Records for this exercise ->

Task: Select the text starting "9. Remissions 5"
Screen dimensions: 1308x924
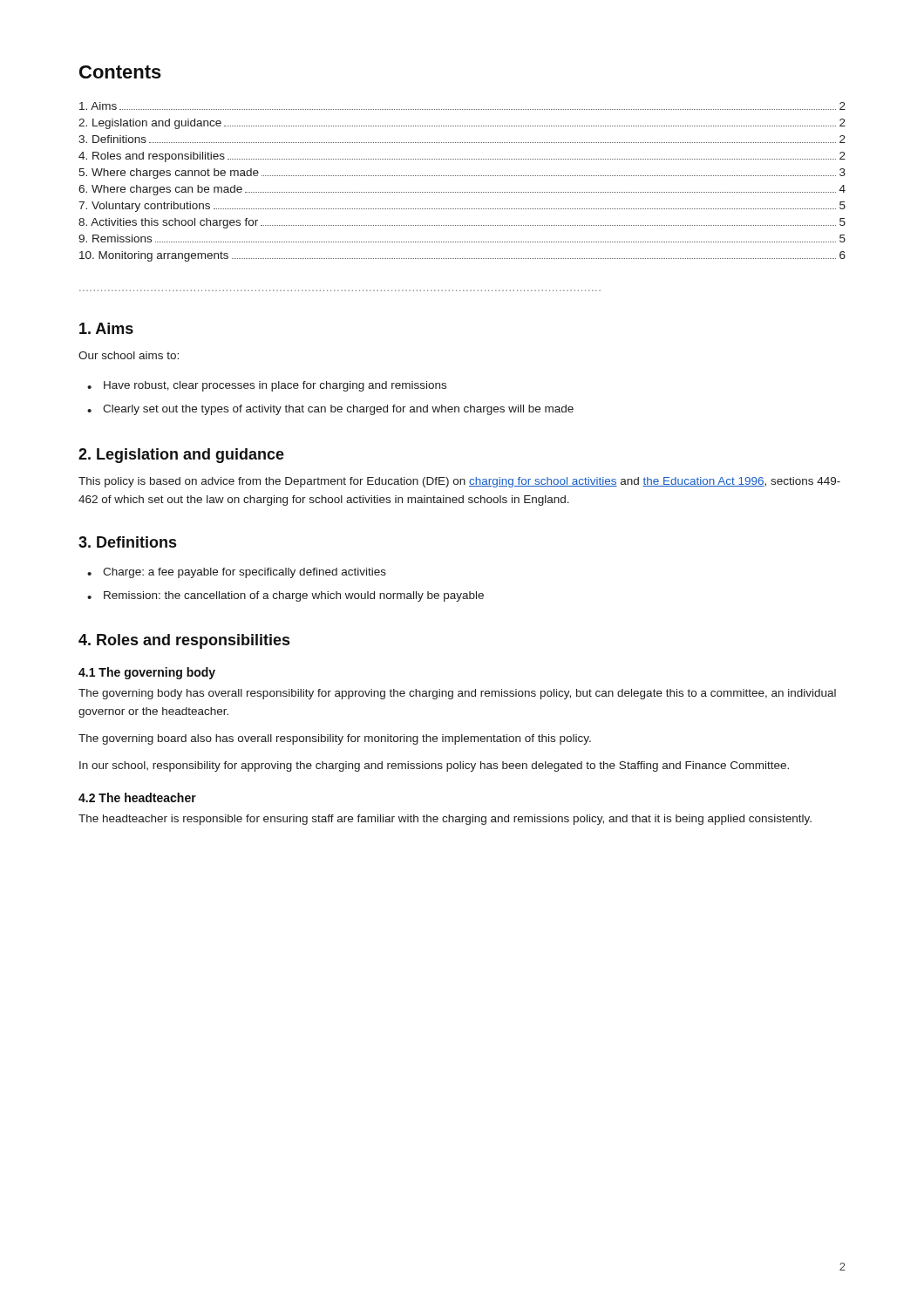Action: 462,238
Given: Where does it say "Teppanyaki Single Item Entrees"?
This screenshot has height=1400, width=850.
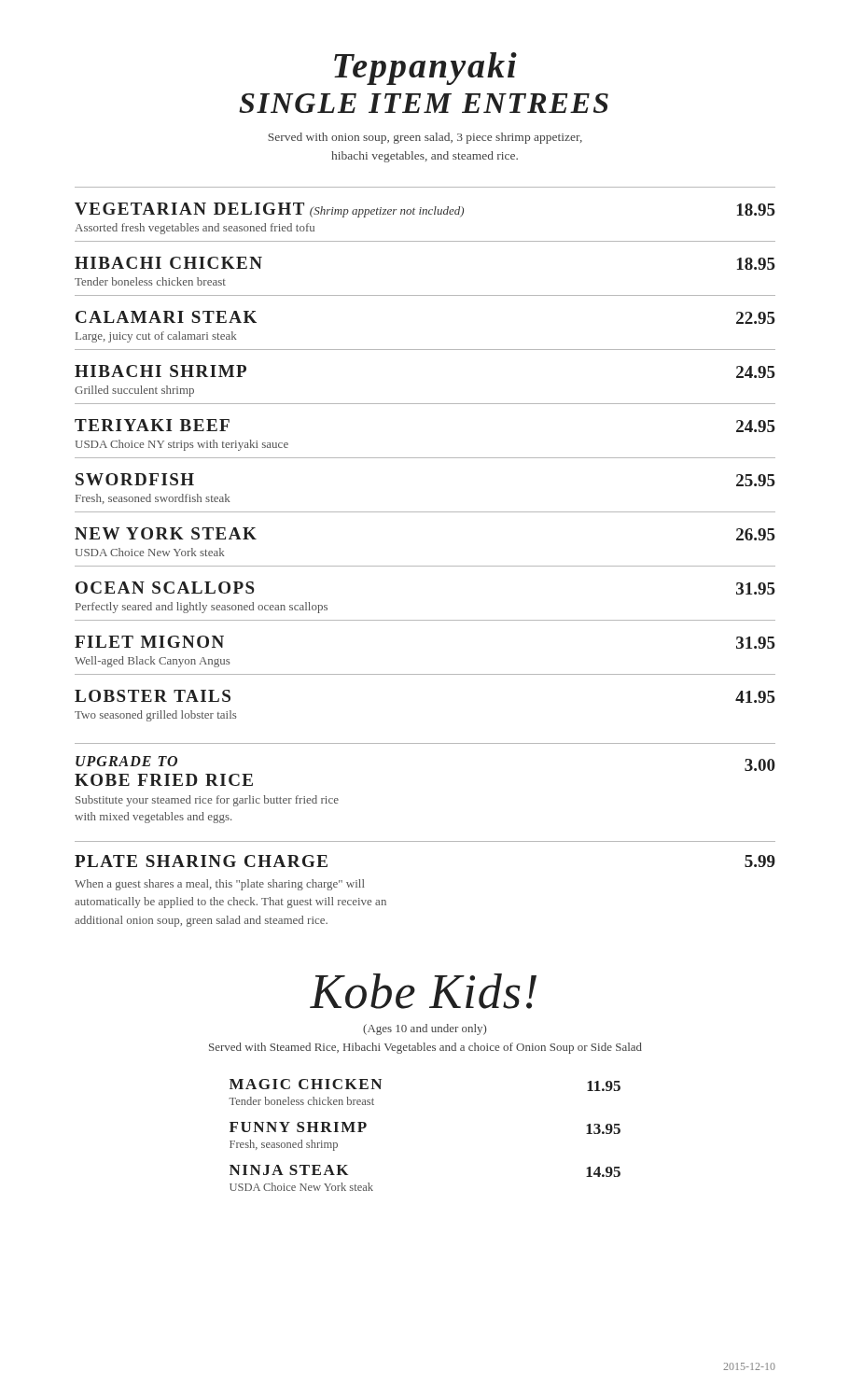Looking at the screenshot, I should (x=425, y=83).
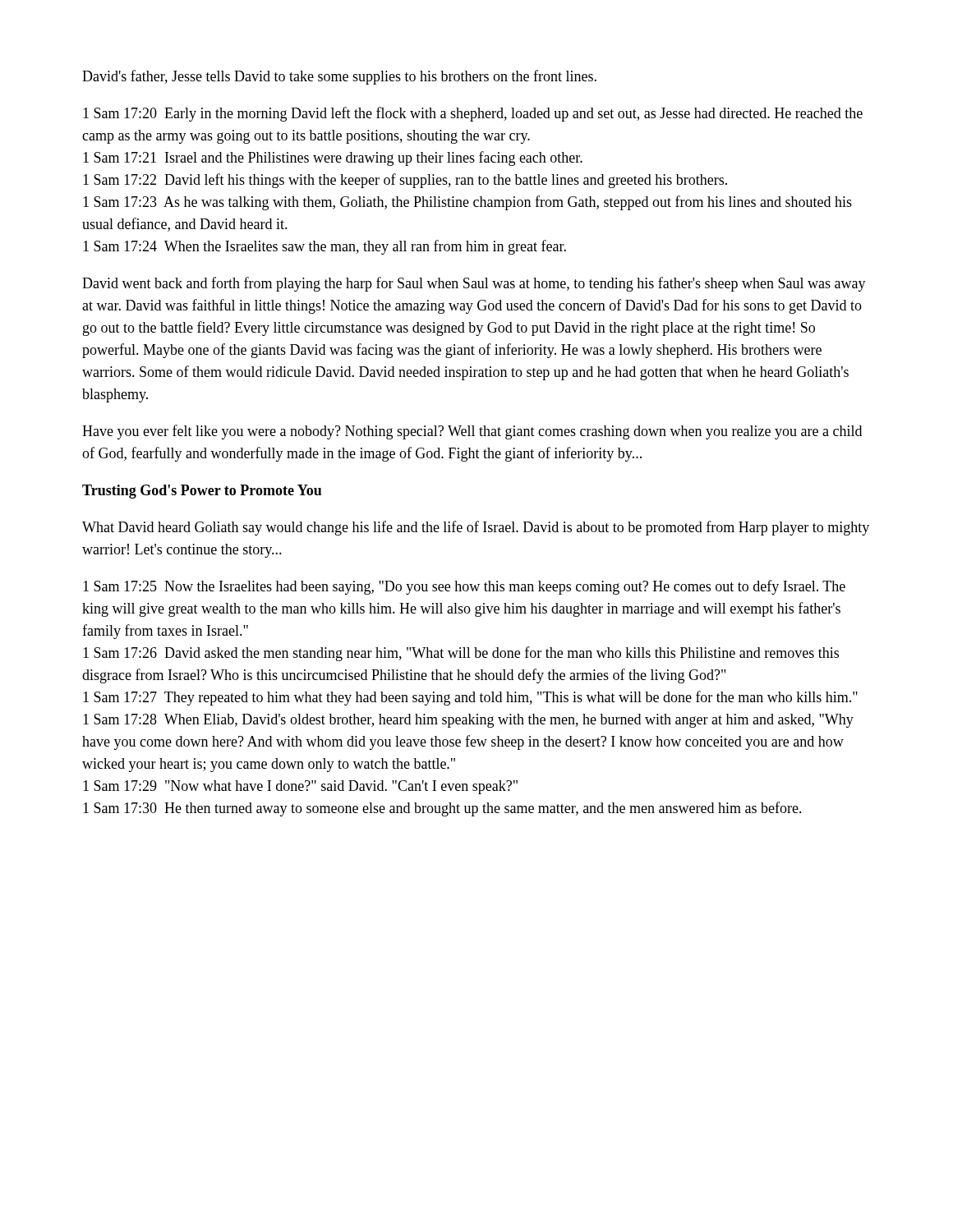
Task: Where is the passage that starts "1 Sam 17:25 Now the"?
Action: click(470, 697)
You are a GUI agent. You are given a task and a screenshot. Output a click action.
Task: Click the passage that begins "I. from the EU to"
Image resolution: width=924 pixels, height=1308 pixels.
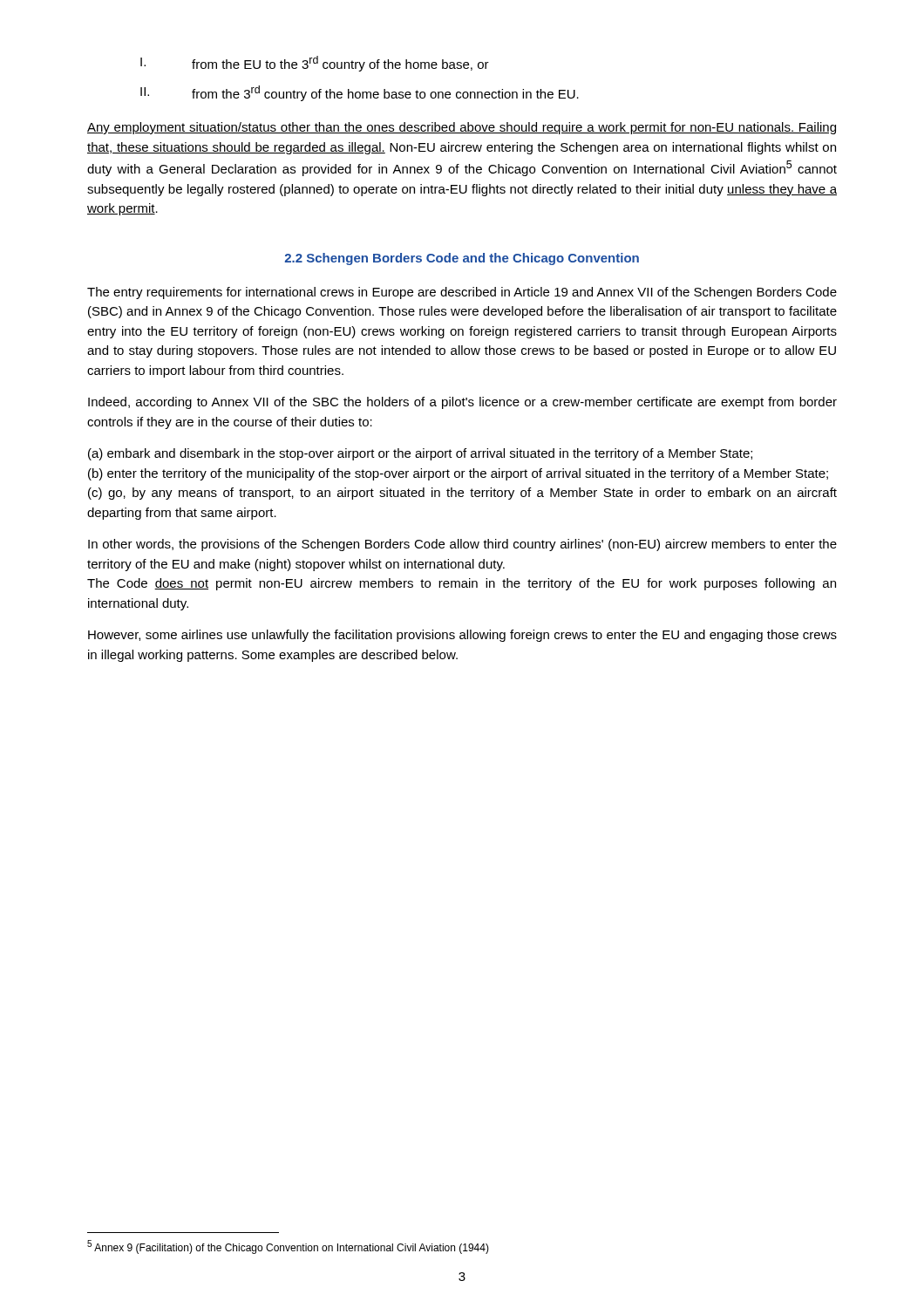[x=314, y=63]
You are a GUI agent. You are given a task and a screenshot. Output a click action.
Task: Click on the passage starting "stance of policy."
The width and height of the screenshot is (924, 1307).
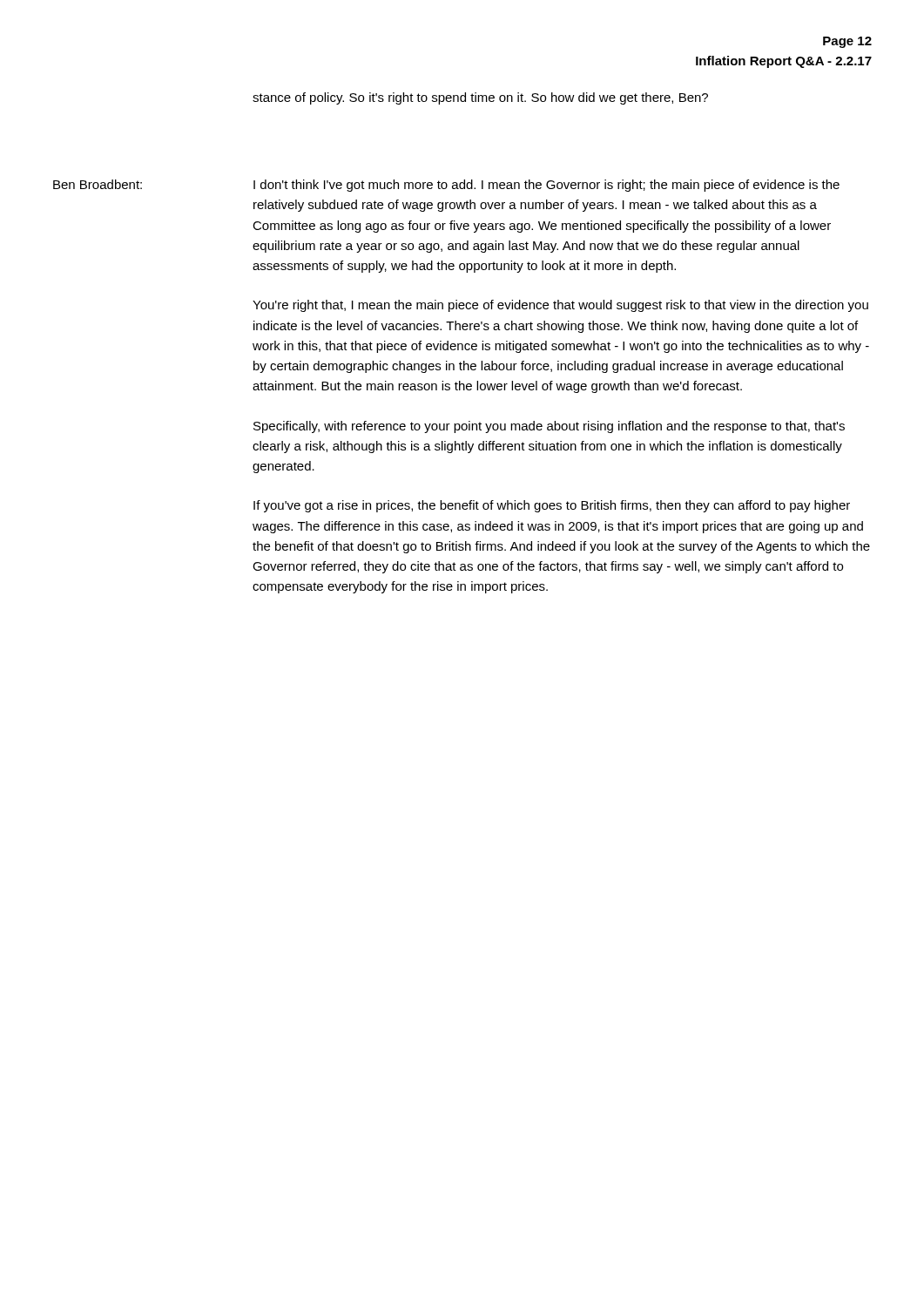coord(481,97)

Your assignment -> Exact repetition of all entries is required. The pictures should not appear.

Answer section ->
Task: Select the text starting "9. Remissions 5"
Screen dimensions: 1308x924
Action: 462,238
Given: Where does it say "Teppanyaki Single Item Entrees"?
This screenshot has height=1400, width=850.
Looking at the screenshot, I should (x=425, y=83).
Task: Where is the passage that starts "1 Sam 17:25 Now the"?
Action: click(470, 697)
You are a GUI agent. You are given a task and a screenshot. Output a click action.
Task: Click the passage that begins "I. from the EU to"
Image resolution: width=924 pixels, height=1308 pixels.
[x=314, y=63]
You are a GUI agent. You are given a task and a screenshot. Output a click action.
Task: Click on the passage starting "stance of policy."
The width and height of the screenshot is (924, 1307).
coord(481,97)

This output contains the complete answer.